*** Block opens ***

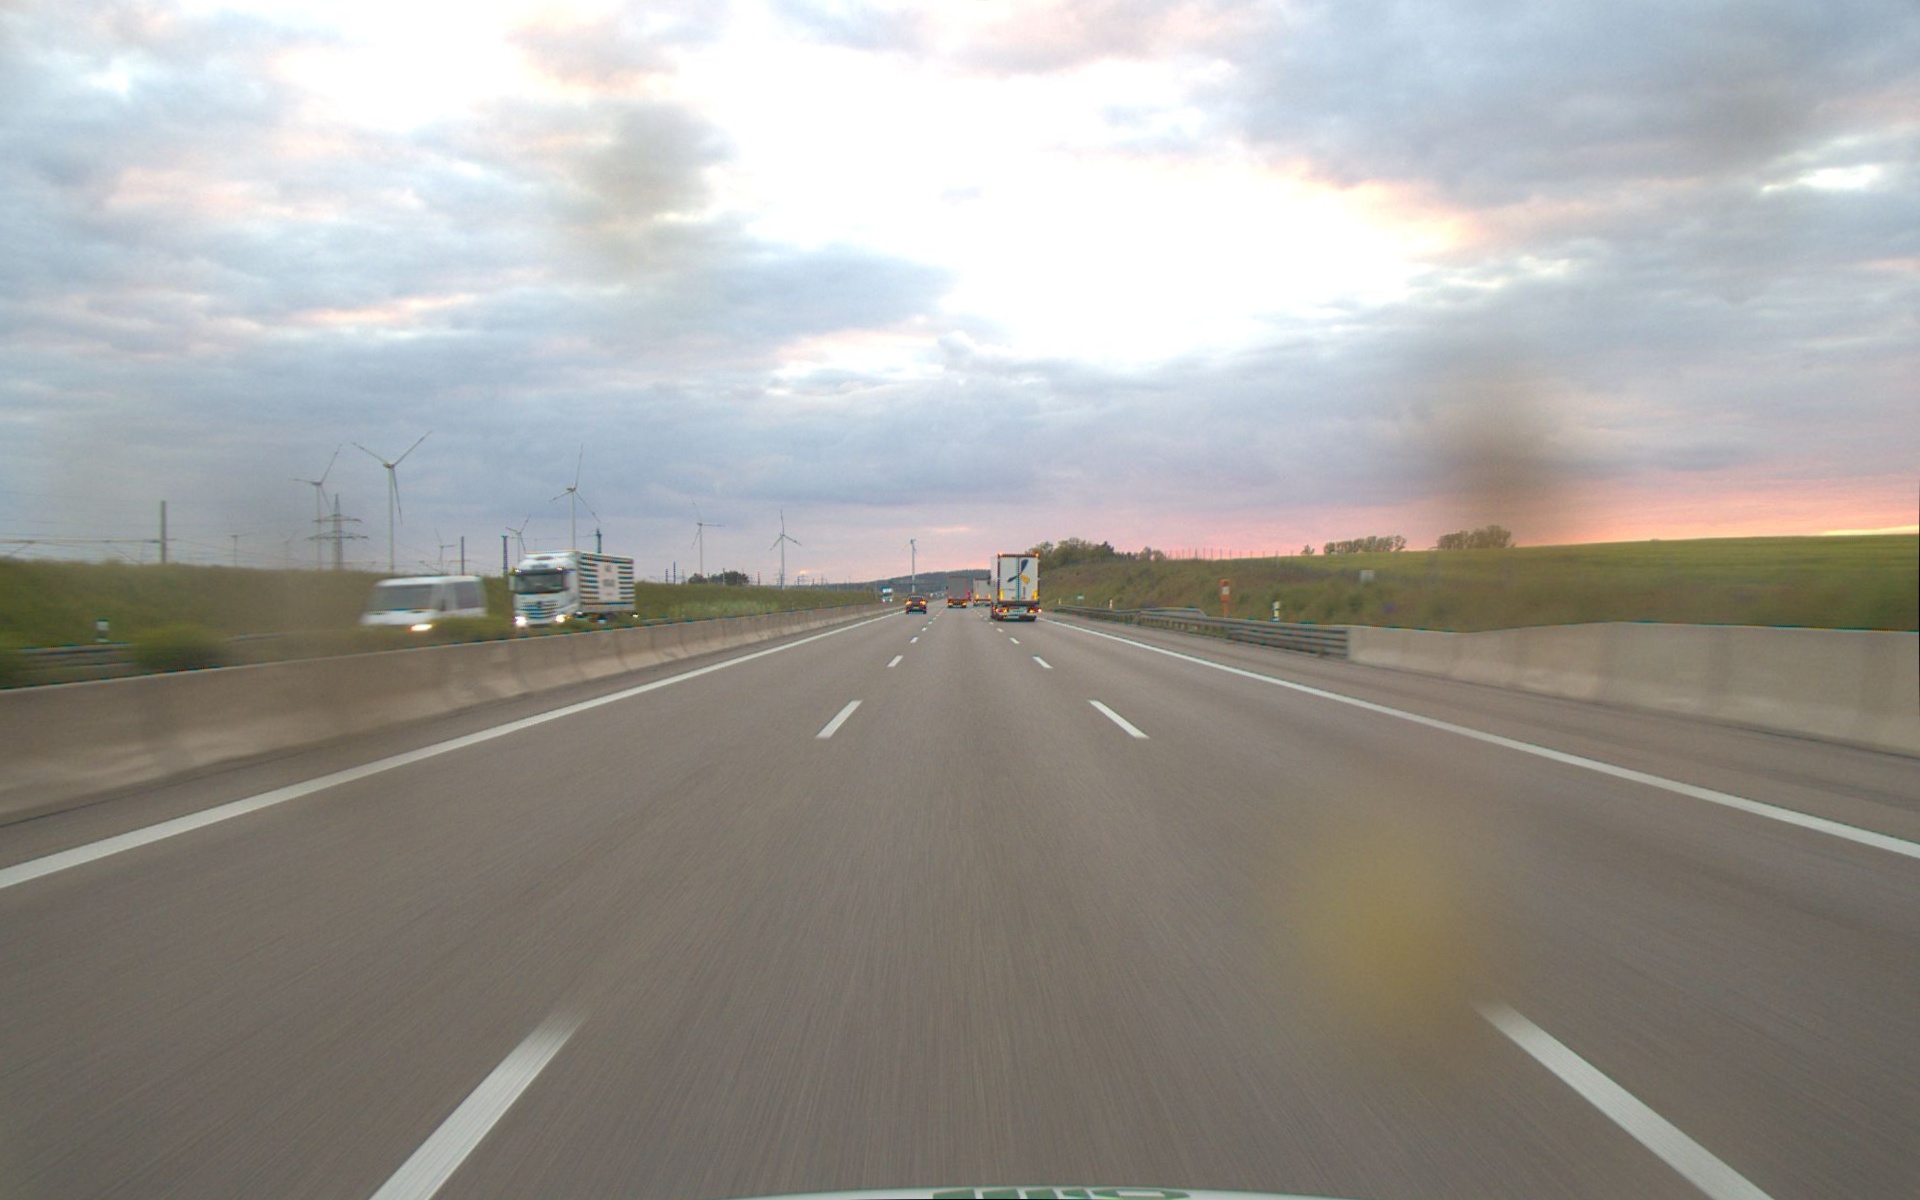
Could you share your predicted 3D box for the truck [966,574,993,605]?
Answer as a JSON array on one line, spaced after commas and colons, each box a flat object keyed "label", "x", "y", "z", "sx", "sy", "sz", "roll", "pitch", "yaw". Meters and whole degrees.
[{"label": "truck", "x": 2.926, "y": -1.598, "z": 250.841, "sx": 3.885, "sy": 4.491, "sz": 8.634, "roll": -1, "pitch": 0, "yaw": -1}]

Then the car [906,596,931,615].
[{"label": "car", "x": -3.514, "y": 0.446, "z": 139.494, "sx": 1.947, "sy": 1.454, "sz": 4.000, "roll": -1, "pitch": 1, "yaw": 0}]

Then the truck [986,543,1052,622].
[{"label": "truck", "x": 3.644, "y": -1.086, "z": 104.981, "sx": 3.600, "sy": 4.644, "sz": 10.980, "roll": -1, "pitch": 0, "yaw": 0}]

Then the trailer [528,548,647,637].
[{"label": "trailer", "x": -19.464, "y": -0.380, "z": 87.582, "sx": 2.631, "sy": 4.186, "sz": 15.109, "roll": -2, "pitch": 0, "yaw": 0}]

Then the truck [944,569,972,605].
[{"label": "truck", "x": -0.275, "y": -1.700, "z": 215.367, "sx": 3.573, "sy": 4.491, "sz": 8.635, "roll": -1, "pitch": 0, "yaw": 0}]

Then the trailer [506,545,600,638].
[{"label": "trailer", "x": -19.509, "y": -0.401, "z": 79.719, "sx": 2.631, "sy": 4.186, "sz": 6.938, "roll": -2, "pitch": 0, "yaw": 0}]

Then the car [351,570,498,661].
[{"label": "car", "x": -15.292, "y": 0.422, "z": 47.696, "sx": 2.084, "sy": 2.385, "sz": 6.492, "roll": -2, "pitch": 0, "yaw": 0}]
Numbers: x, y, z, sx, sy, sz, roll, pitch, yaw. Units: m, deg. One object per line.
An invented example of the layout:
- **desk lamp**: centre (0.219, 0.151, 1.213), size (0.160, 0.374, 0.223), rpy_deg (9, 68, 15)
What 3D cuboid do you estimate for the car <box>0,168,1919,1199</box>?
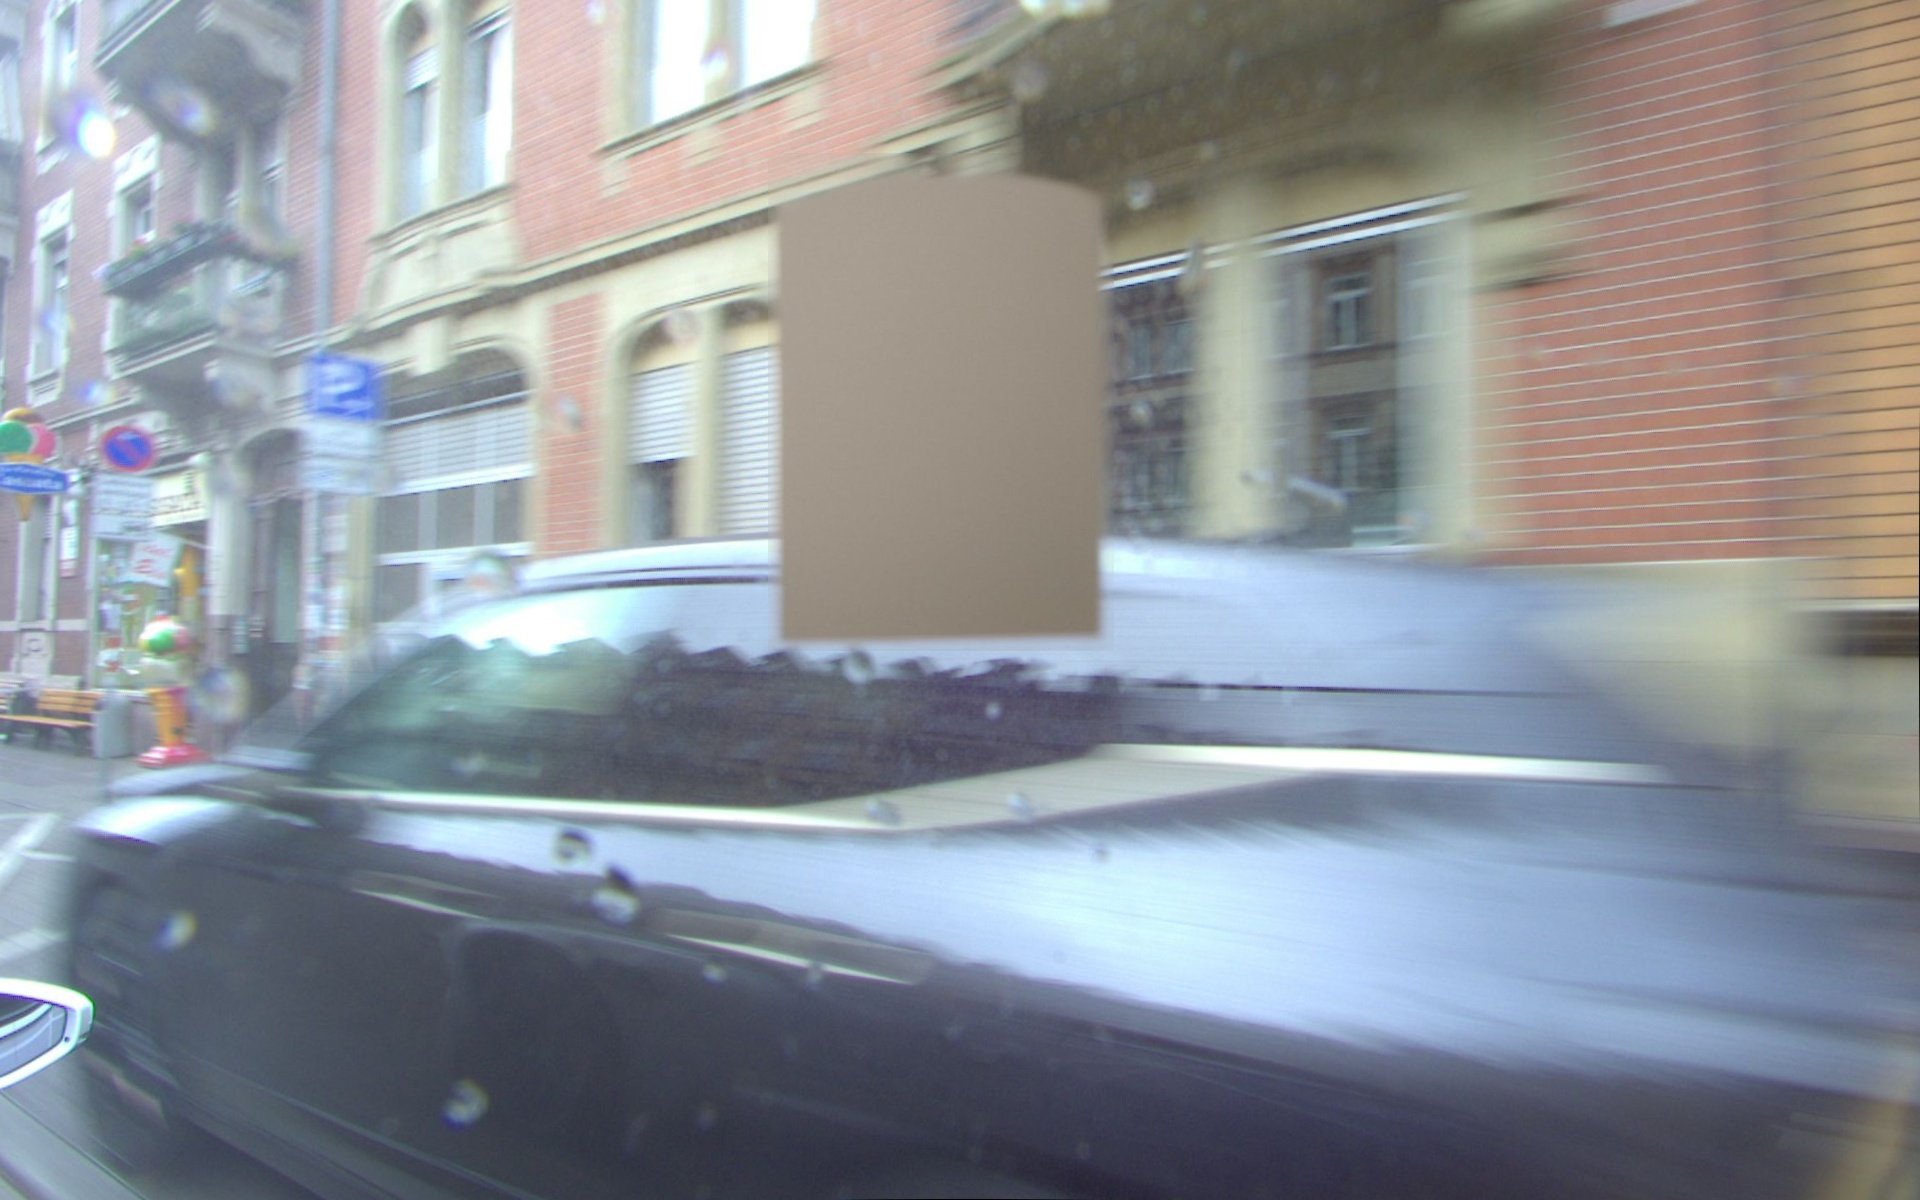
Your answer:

*** Block closes ***

● **WHAT THE TASK ASKS**:
Repeat verbatim all the material, but not the pictures.

● **ANSWER BELOW**:
Could you share your predicted 3D box for the truck [966,574,993,605]?
Answer as a JSON array on one line, spaced after commas and colons, each box a flat object keyed "label", "x", "y", "z", "sx", "sy", "sz", "roll", "pitch", "yaw". Meters and whole degrees.
[{"label": "truck", "x": 2.926, "y": -1.598, "z": 250.841, "sx": 3.885, "sy": 4.491, "sz": 8.634, "roll": -1, "pitch": 0, "yaw": -1}]

Then the car [906,596,931,615].
[{"label": "car", "x": -3.514, "y": 0.446, "z": 139.494, "sx": 1.947, "sy": 1.454, "sz": 4.000, "roll": -1, "pitch": 1, "yaw": 0}]

Then the truck [986,543,1052,622].
[{"label": "truck", "x": 3.644, "y": -1.086, "z": 104.981, "sx": 3.600, "sy": 4.644, "sz": 10.980, "roll": -1, "pitch": 0, "yaw": 0}]

Then the trailer [528,548,647,637].
[{"label": "trailer", "x": -19.464, "y": -0.380, "z": 87.582, "sx": 2.631, "sy": 4.186, "sz": 15.109, "roll": -2, "pitch": 0, "yaw": 0}]

Then the truck [944,569,972,605].
[{"label": "truck", "x": -0.275, "y": -1.700, "z": 215.367, "sx": 3.573, "sy": 4.491, "sz": 8.635, "roll": -1, "pitch": 0, "yaw": 0}]

Then the trailer [506,545,600,638].
[{"label": "trailer", "x": -19.509, "y": -0.401, "z": 79.719, "sx": 2.631, "sy": 4.186, "sz": 6.938, "roll": -2, "pitch": 0, "yaw": 0}]

Then the car [351,570,498,661].
[{"label": "car", "x": -15.292, "y": 0.422, "z": 47.696, "sx": 2.084, "sy": 2.385, "sz": 6.492, "roll": -2, "pitch": 0, "yaw": 0}]
Numbers: x, y, z, sx, sy, sz, roll, pitch, yaw. Units: m, deg. One object per line.
An invented example of the layout:
- **desk lamp**: centre (0.219, 0.151, 1.213), size (0.160, 0.374, 0.223), rpy_deg (9, 68, 15)
What 3D cuboid do you estimate for the car <box>0,168,1919,1199</box>?
Your answer:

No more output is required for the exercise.